'''

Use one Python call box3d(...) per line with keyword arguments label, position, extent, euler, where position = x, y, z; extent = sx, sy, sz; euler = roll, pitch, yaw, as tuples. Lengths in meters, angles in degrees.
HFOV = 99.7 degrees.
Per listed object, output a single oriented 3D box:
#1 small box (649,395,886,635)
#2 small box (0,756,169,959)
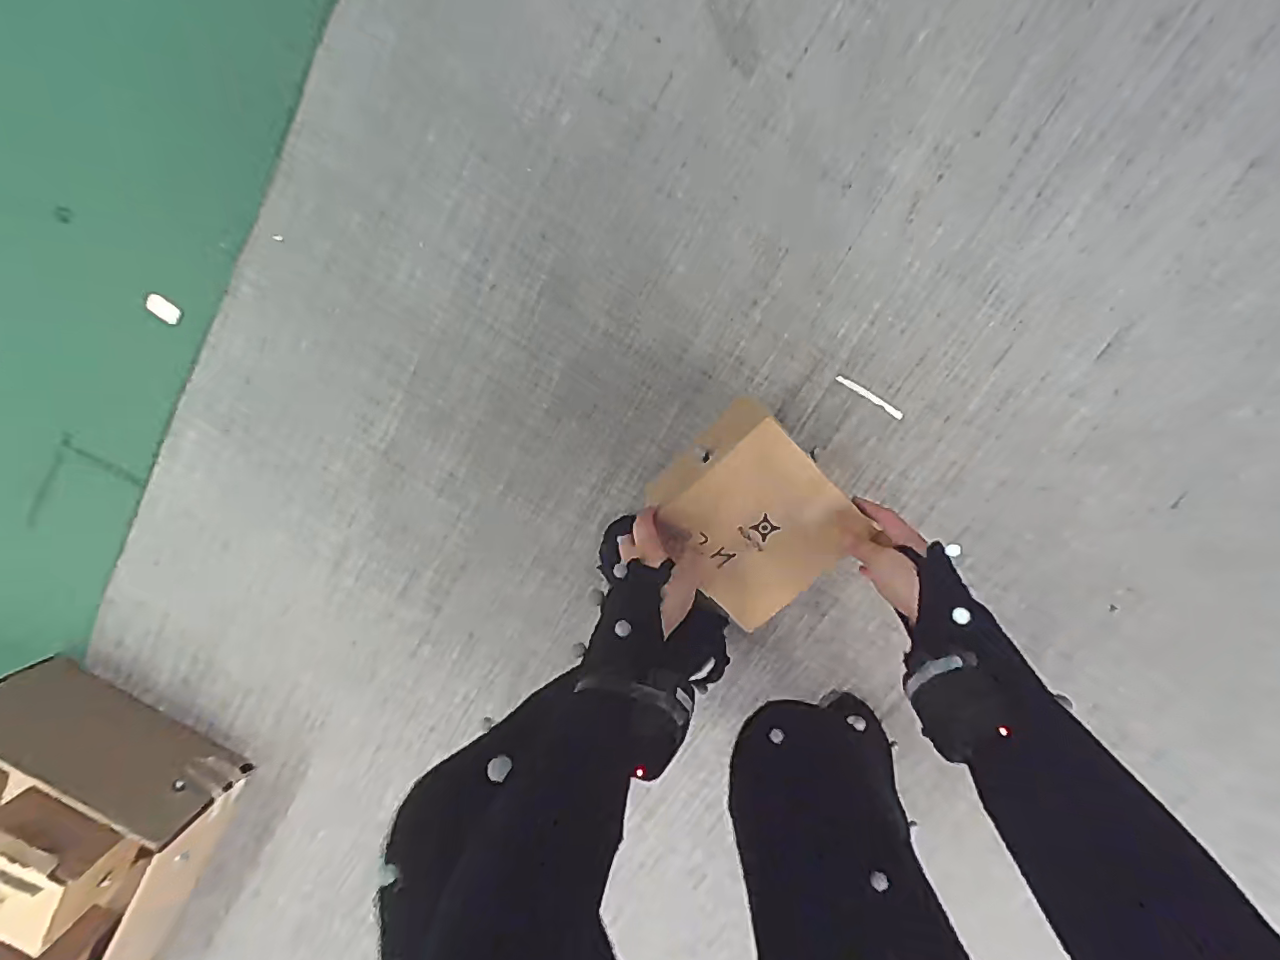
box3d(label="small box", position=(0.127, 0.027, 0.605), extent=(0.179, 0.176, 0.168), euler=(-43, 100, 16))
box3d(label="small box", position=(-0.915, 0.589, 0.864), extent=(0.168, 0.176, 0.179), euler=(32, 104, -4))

'''
'''

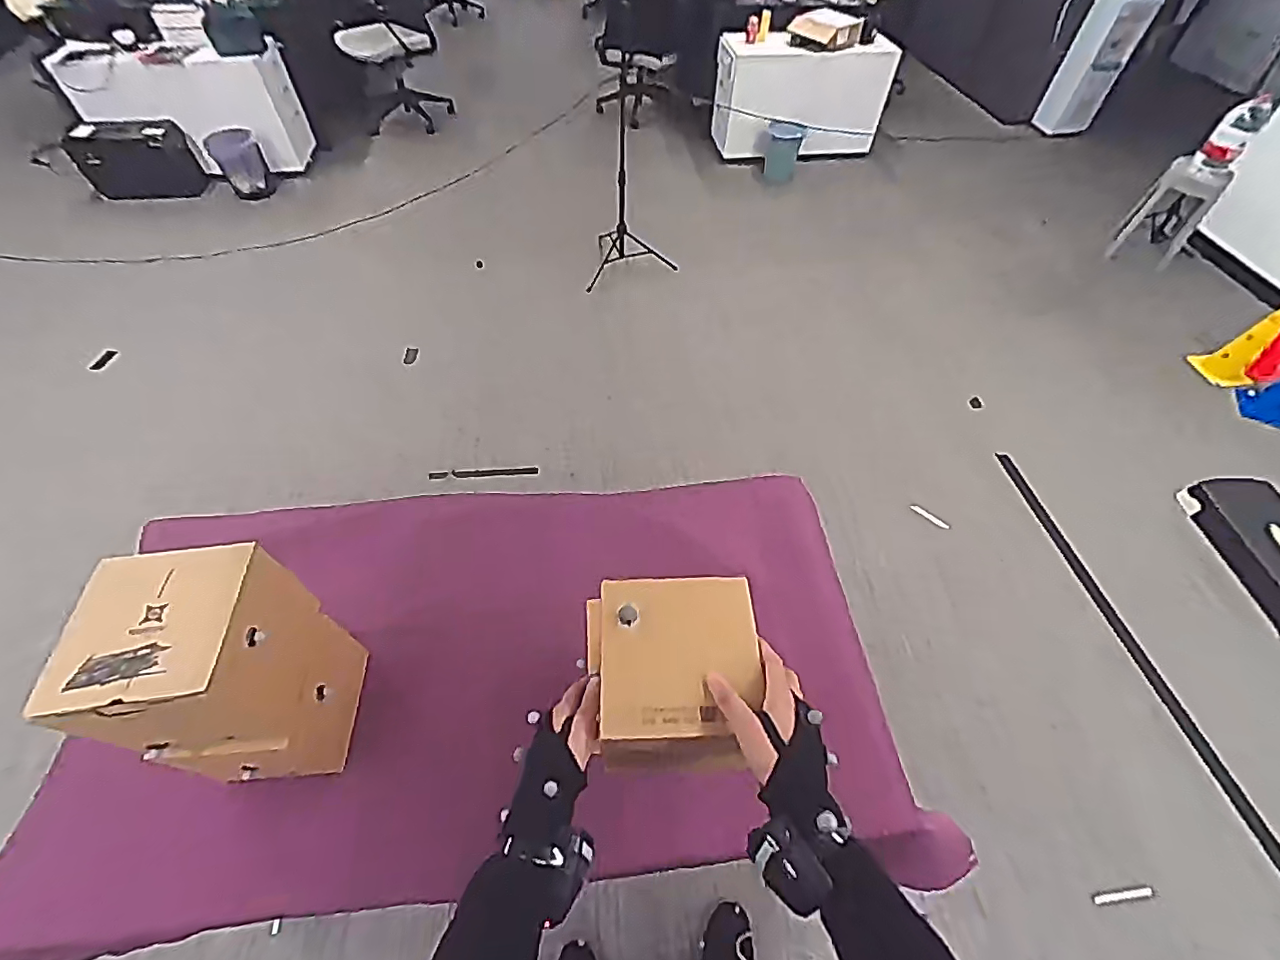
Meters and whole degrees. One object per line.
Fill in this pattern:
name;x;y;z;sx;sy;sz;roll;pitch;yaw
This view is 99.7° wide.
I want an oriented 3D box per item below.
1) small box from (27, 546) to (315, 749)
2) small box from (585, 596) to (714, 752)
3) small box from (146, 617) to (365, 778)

'''

Task instructions
Give the number of lines in the material above that have the word "pitch" in them, and nothing more.

Finished task
2